Scan the listing beneath this sentence. Report each line with the word "example".

══ Excerpted records ══

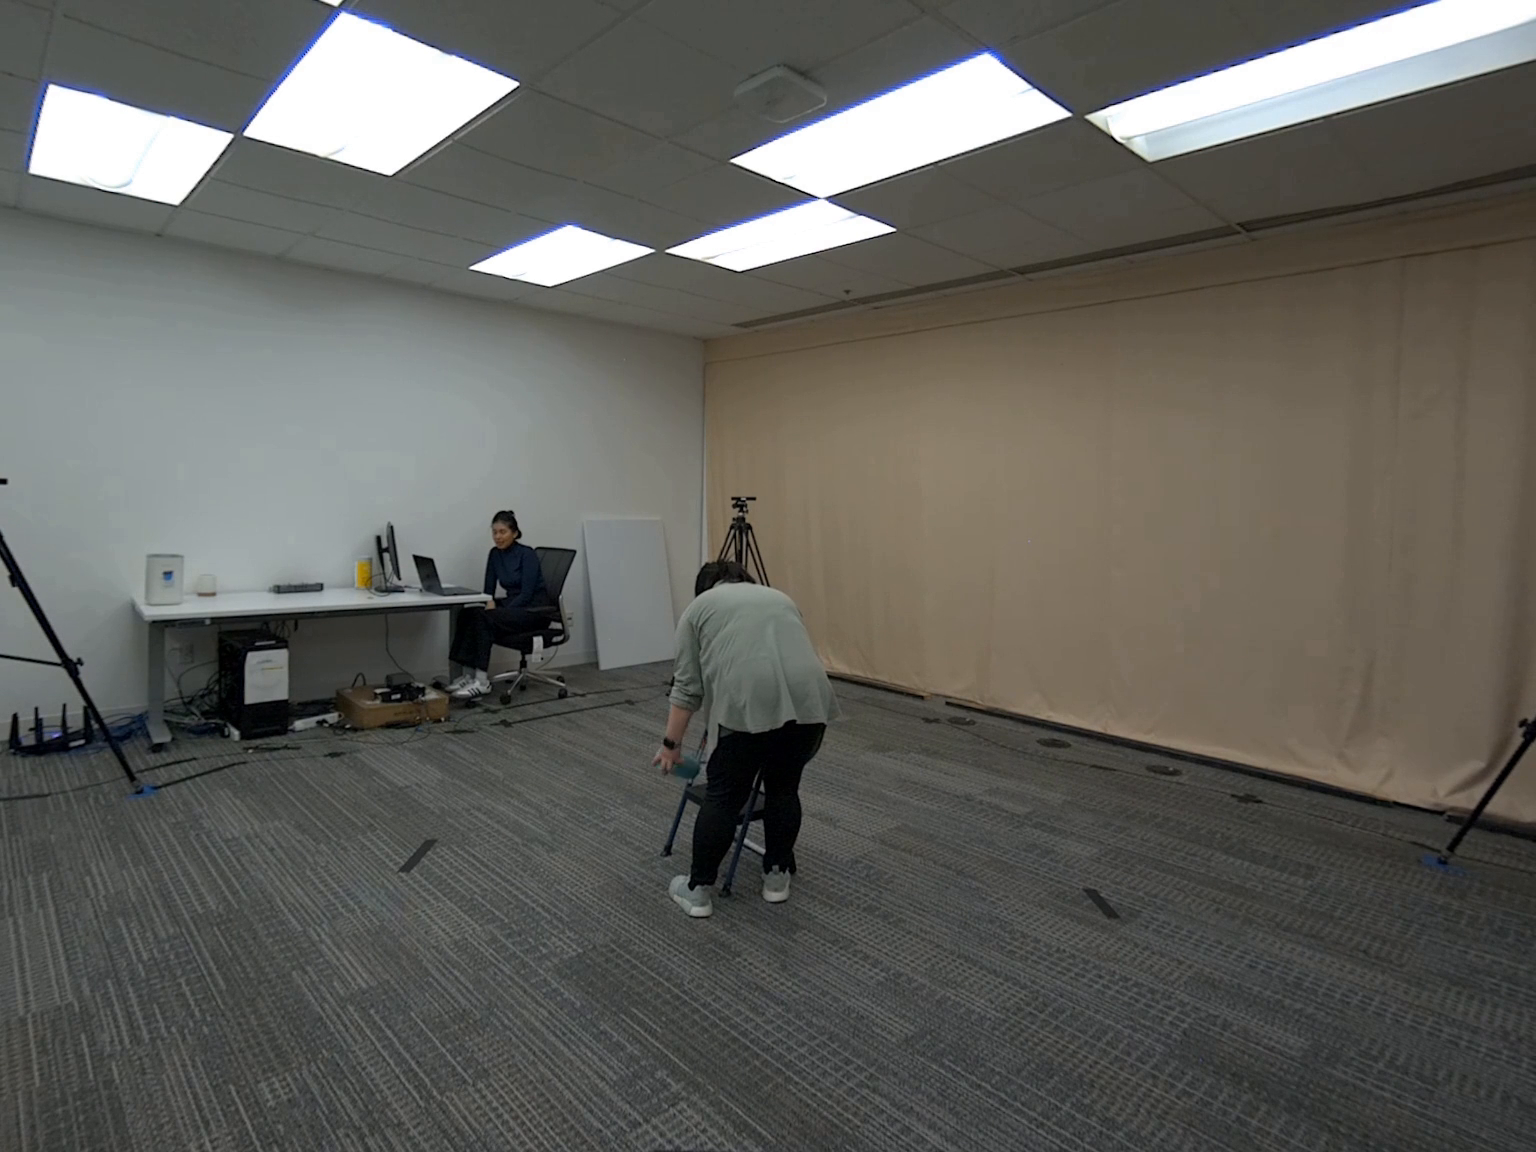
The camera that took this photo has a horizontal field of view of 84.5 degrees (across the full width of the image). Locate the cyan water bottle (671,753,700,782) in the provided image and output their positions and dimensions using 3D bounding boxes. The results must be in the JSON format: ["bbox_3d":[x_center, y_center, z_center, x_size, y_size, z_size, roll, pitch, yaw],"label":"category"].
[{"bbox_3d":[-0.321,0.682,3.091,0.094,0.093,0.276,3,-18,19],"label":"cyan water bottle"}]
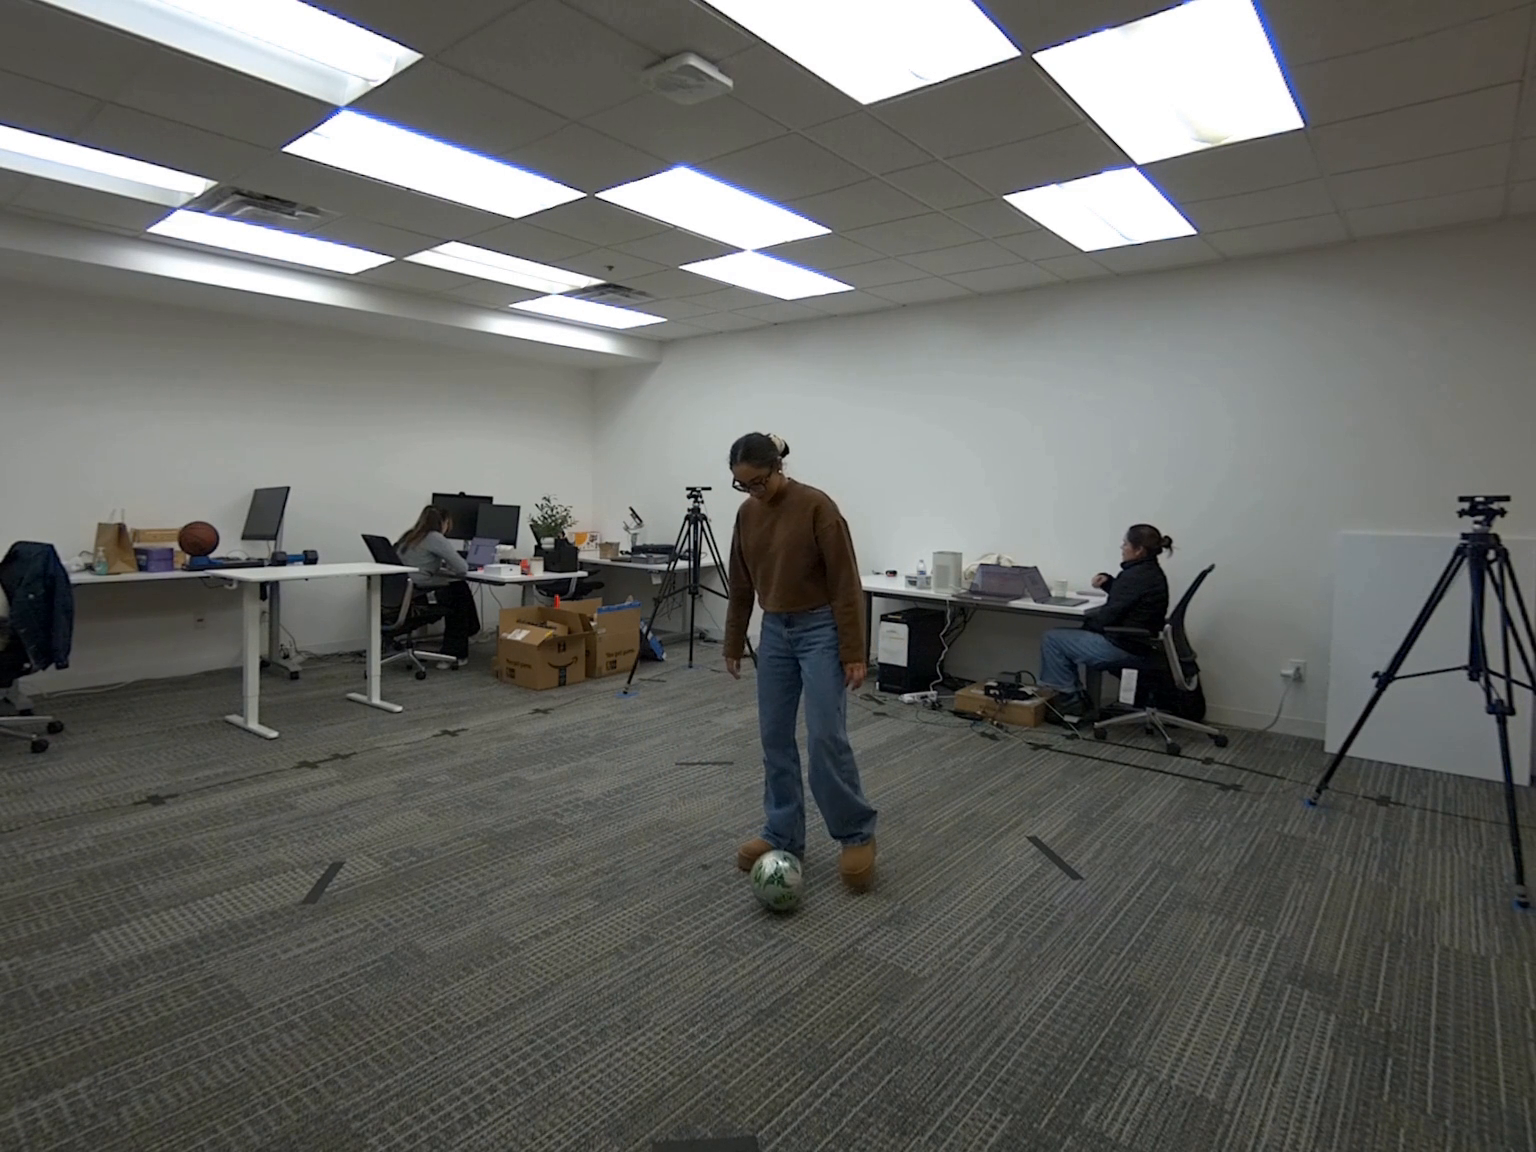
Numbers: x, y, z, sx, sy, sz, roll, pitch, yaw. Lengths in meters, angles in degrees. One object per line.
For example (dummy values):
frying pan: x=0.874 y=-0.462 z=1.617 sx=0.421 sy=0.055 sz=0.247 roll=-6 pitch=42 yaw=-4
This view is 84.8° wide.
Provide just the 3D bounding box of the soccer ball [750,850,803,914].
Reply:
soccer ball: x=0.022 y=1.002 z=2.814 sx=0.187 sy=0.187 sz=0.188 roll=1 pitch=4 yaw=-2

═══
══ Excerpted records ══

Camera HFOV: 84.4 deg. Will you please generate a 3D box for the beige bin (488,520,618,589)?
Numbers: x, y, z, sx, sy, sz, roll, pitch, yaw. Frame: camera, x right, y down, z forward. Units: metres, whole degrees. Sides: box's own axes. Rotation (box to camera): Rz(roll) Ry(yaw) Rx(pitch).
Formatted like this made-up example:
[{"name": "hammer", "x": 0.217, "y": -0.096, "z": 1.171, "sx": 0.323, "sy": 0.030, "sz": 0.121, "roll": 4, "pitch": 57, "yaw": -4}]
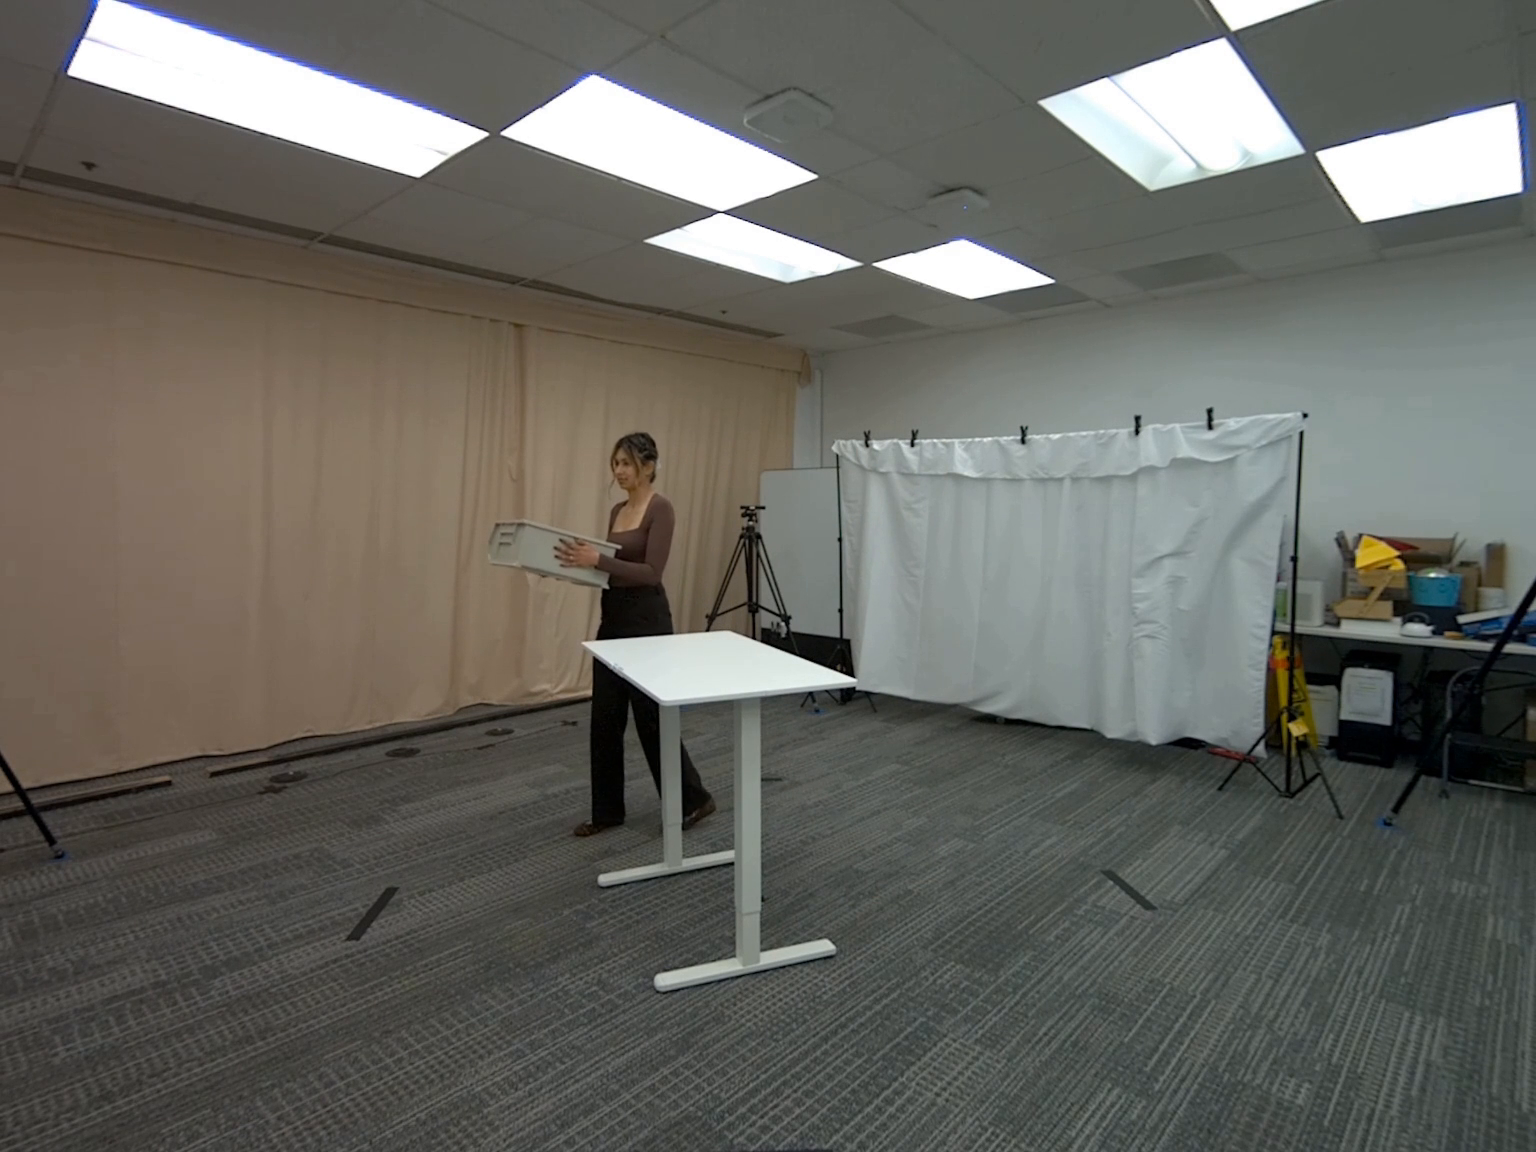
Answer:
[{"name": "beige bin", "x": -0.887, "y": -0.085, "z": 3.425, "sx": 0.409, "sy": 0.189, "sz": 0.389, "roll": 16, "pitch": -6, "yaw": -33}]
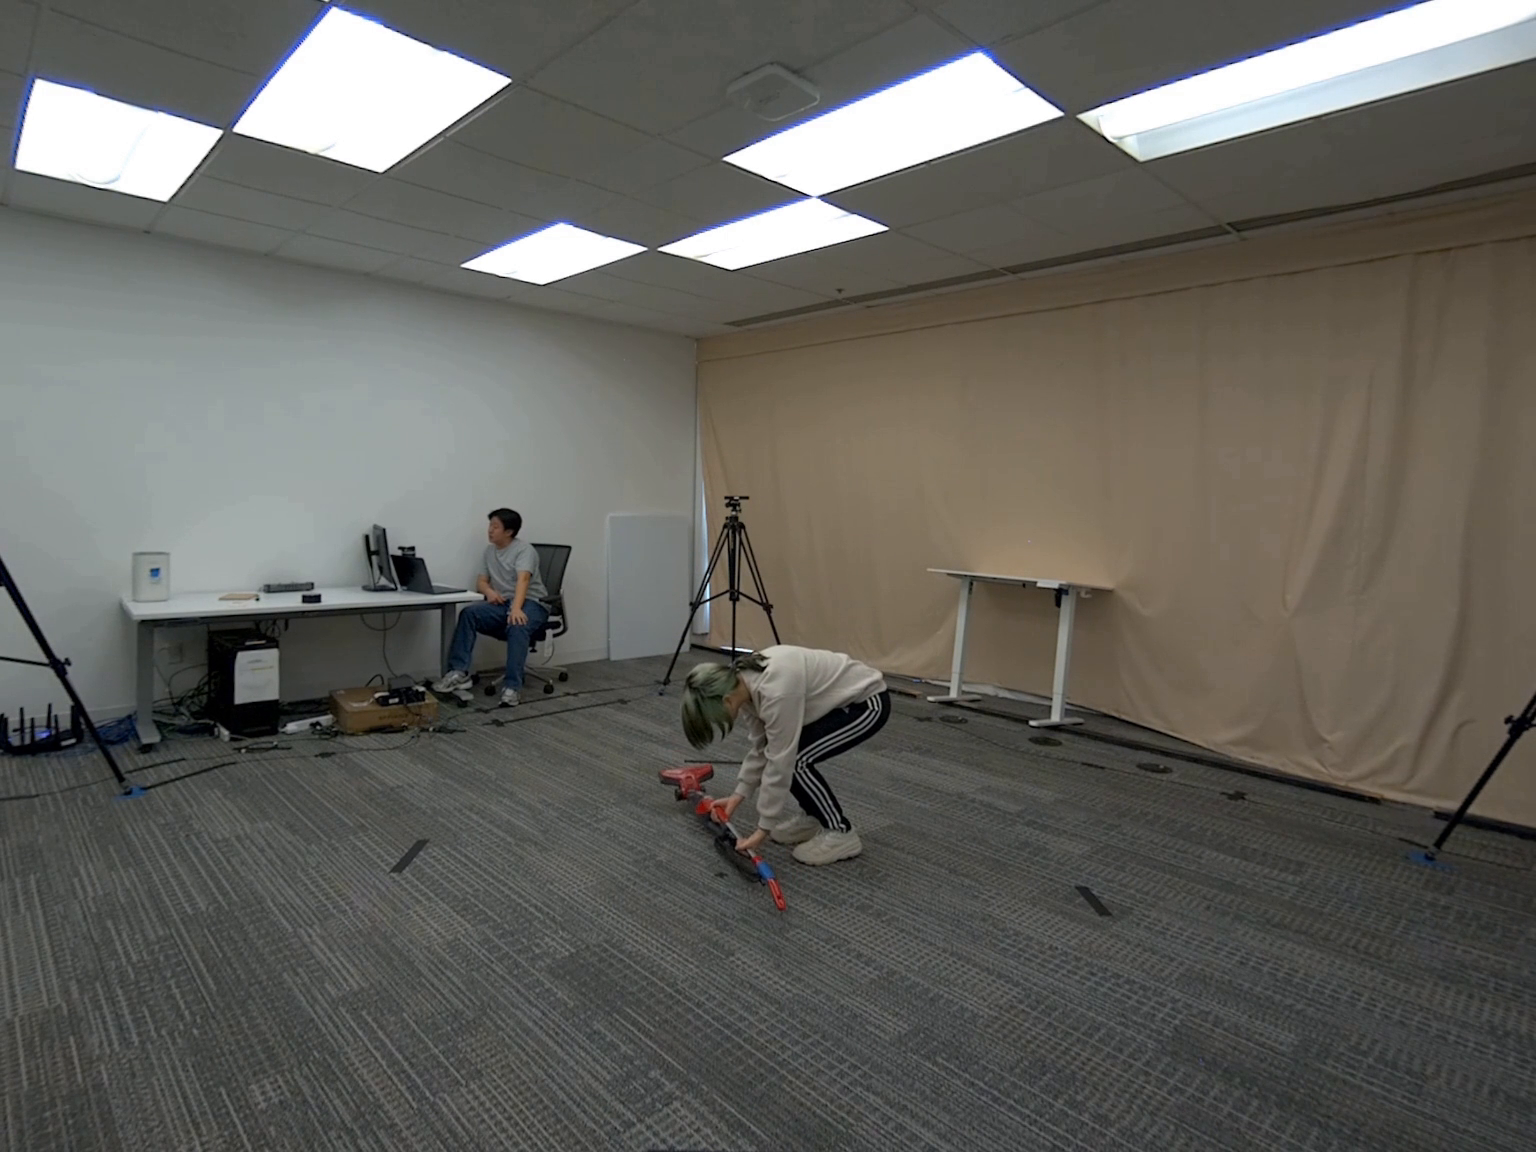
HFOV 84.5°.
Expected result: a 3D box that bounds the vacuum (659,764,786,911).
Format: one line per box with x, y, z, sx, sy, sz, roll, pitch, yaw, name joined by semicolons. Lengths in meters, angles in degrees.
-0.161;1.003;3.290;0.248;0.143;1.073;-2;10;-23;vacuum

═══
══ Excerpted records ══

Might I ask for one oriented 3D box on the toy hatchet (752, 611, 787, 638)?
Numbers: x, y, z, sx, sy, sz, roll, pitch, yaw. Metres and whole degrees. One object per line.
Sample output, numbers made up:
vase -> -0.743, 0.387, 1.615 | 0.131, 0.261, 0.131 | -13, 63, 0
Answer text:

═══

Answer box
For example (dummy values):
Formatted like this made-up example:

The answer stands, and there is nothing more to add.